When serializing (request or response), the thing to do seems simple enough: 
use the elementFormDefault of the wrapper elem definition to decide whether to 
serialize the child element with a NS ("qualified") or without a NS 
("unqualified", the default).

So for:

    <wsdl:types>
        <schema elementFormDefault="qualified"  xmlns:tns="http://test"; 
targetNamespace="http://test"; ...>

            <element name="myOperation">
                <complexType>
                    <sequence>
                         <element name="arg1" type="xsd:int"/>
                    </sequence>
                </complexType>
            </element>

we serialize:
      <tns:arg1>4</tns:arg1>

whereas if we change the schema to elementFormDefault="unqualified" (note this 
is the default for bottom-up generated schemas as well)

we serialize:
       <arg1>4</arg1>

Seems simple enough, but what about deserialization?
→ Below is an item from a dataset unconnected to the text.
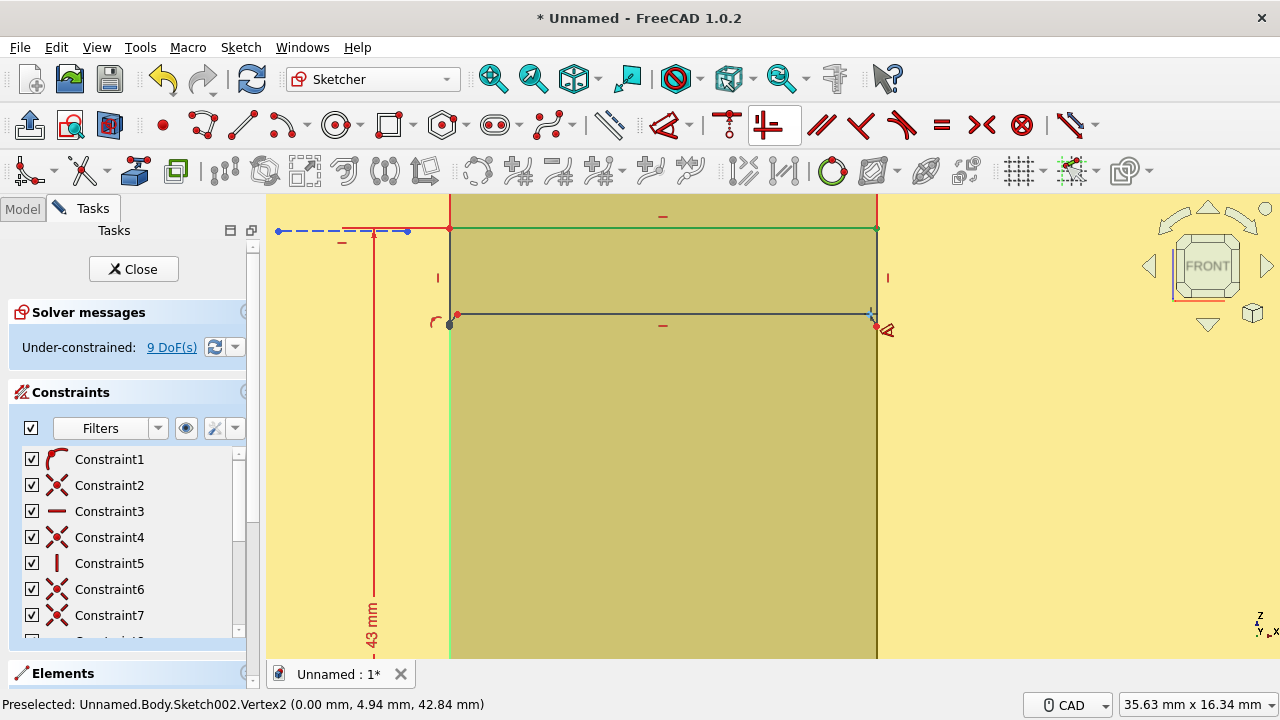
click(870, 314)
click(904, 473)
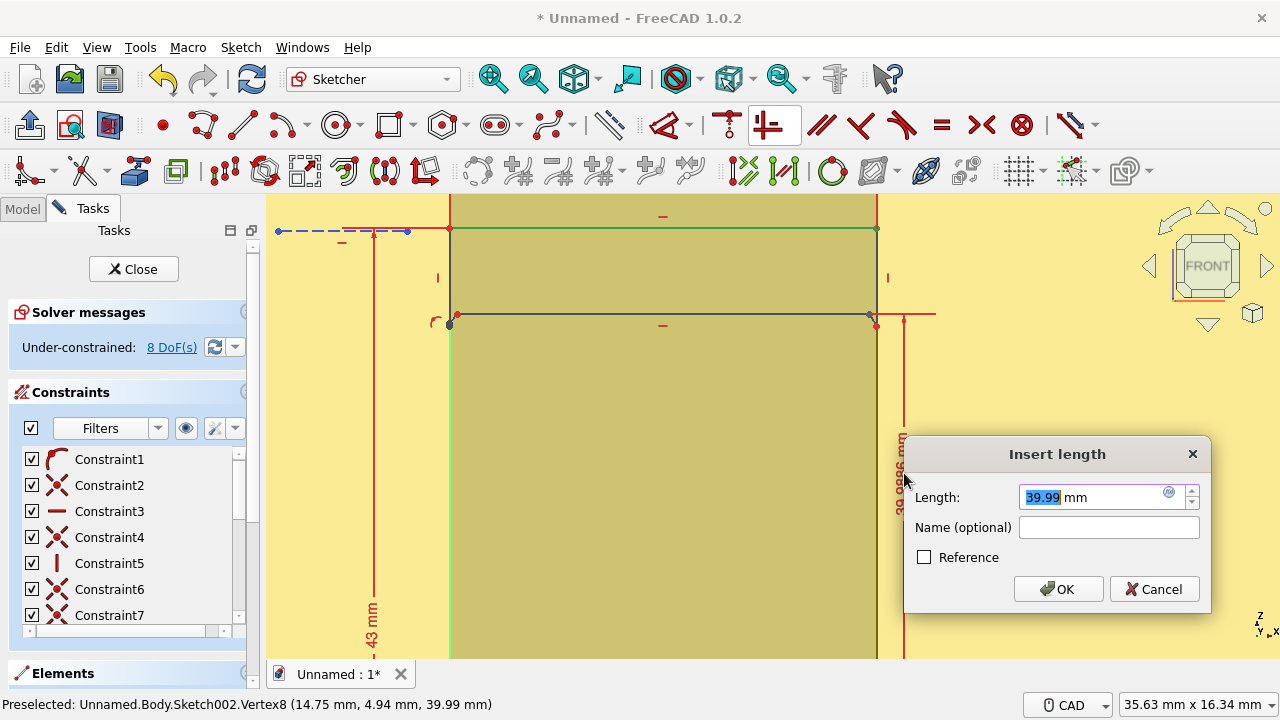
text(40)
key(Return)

One approach would be to require the "other side" to understand the viewpoint 
of the SCA runtime doing the deserialization and whether or not the SCA runtime 
expects qualified or unqualified child elements (this is how our code is 
implemented today).

According to this approach, receiving a JMS payload like:
             <tns:arg1>4</tns:arg1>

together with a service described by interface.java method such as:

        void myOperation(int x); 

would be a user error.    The Java, absent JAXB annotations, maps to a schema 
with elementFormDefault="unqualified", and so we can't handle such a payload.

An alternative approach would be to implement deserialization such that it 
could smooth over differences in elementFormDefault, i.e. handle either the 
unexpected presence or absence of a NS by ignoring or adding the NS as 
necessary. (Even then we could ask:  should a NS that's present but incorrect 
also be smoothed over (ignored)?)   

Do we agree this change would be desirable?     

I wish I had more sense of how useful in practice this change would be.   Not 
knowing that, at least opening the issue reminds us the issue exists, for later 
when someone asks why their data is null (as this is what happens in JAXB when 
you get the elemFormDefault incorrect).